保存的治療に効果がない方には手術も検討します。軟骨が残っており、変形が少なく、正座をしたい、スポーツに復帰したいという方には、脛骨の骨を切って角度を変えて荷重を調整する骨切り術(こつきりじゅつ)を行うことがあります。また、軟骨が消失しており、変形の程度が強い方は人工関節置換術の適応になります。O脚やX脚を矯正し、膝の痛みを取り除いて歩きやすくするという手術です。
【合併症についてなど】
Q. 手術で考えられる合併症と、先生が取られている対策について教えてください。
A. ばい菌感染やエコノミークラス症候群と呼ばれる深部静脈血栓症、術中骨折などが考えられます。まず、当院では手術はクリーンルームで行い、手術時間を短くすることで感染を防いでいます。次に、深部静脈血栓症は長期間脚を動かさないことで起こりますから、術後は早期にリハビリを始めることで予防しています。術中骨折は、骨が弱い方は骨折が少ないインプラントの選択や骨粗鬆症の治療も行うことで対応しています。
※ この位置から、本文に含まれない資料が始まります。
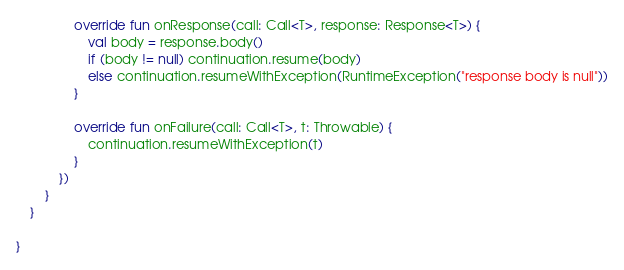Convert code to text. <code><loc_0><loc_0><loc_500><loc_500><_Kotlin_>                override fun onResponse(call: Call<T>, response: Response<T>) {
                    val body = response.body()
                    if (body != null) continuation.resume(body)
                    else continuation.resumeWithException(RuntimeException("response body is null"))
                }

                override fun onFailure(call: Call<T>, t: Throwable) {
                    continuation.resumeWithException(t)
                }
            })
        }
    }

}</code> 
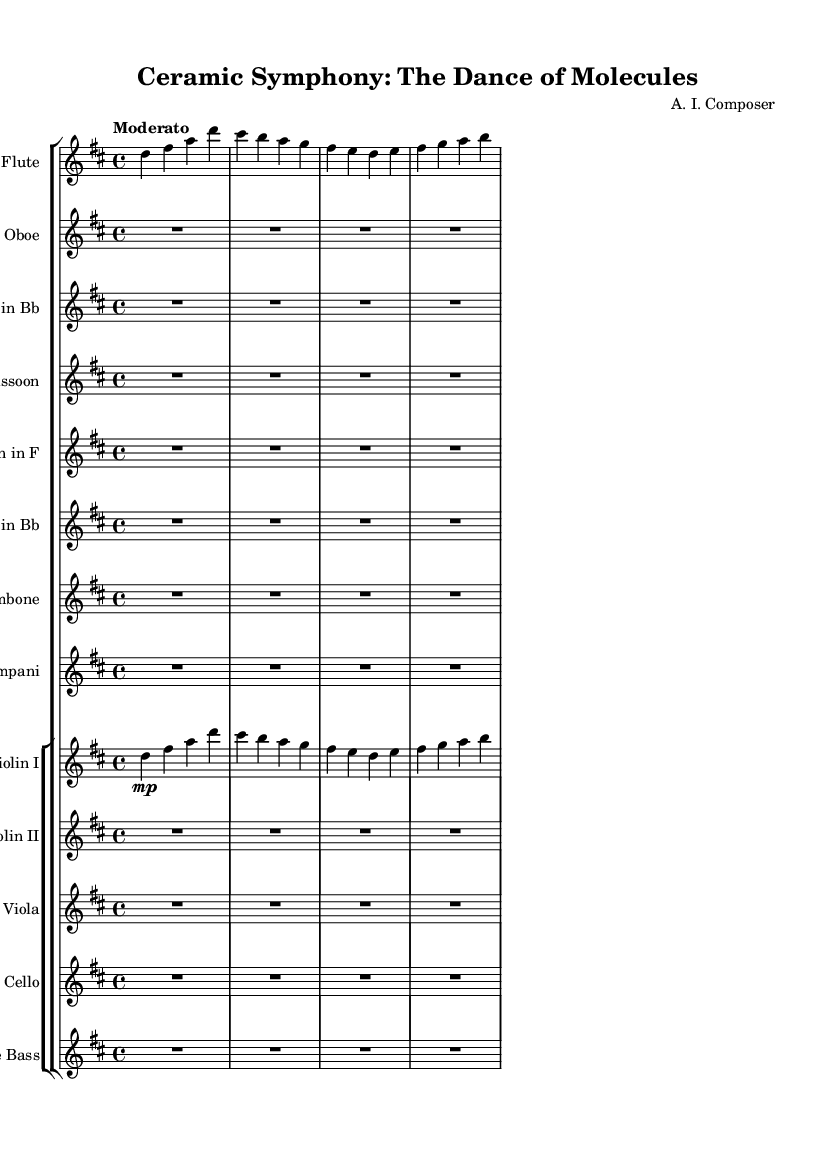What is the key signature of this music? The key signature is indicated by the sharp symbol on the staff. In this score, there are two sharps (F# and C#), which indicates that the piece is in D major.
Answer: D major What is the time signature of this music? The time signature is represented at the beginning of the score, shown as 4/4. This means there are four beats in each measure and the quarter note receives one beat.
Answer: 4/4 What is the tempo marking for this piece? The tempo marking is typically found near the top of the score. In this case, it says "Moderato," which indicates a moderately paced tempo.
Answer: Moderato How many instruments are scored in this symphony? By counting the distinct staves listed in the orchestral score, we can see that there are twelve instruments indicated throughout the piece.
Answer: Twelve Which instrument has the first thematic entry in this piece? The flute part shows the first melodic content in the score while other instruments have rests, indicating that it is the first instrument to play.
Answer: Flute What are the dynamics indicated for the first violin? The dynamics for the first violin are indicated by the markings on the staff; "mp" indicates a mezzo-piano, which means moderately soft.
Answer: mezzo-piano

Q. 治療にあたって先生が心がけておられることはありますか?
A. 保存的治療を最優先に、患者さん一人ひとりのライフスタイルや状況に応じて治療していくことです。手術になった場合、患者さんに合わせて手術の計画や、術後の計画を立てるようにしています。
Q. 関節の痛みに悩んでいる方へメッセージをお願いします。
A. 関節の痛みには、状態やライフワークに合わせた治療法がありますので、まずは関節を専門にしている整形外科を受診し、症状に応じた治療を行っていただくとよいでしょう。
Q. 最後に患者さんへのメッセージをお願いいたします。
リモート取材日:2024.10.2
*本文、および動画で述べられている内容は医師個人の見解であり、特定の製品等の推奨、効能効果や安全性等の保証をするものではありません。また、内容が必ずしも全ての方にあてはまるわけではありませんので詳しくは主治医にご相談ください。
先生からのメッセージ
患者さんのライフスタイルに合った治療法を選択します。手術は身体に負担の少ない術式で早期の社会復帰を目標としています。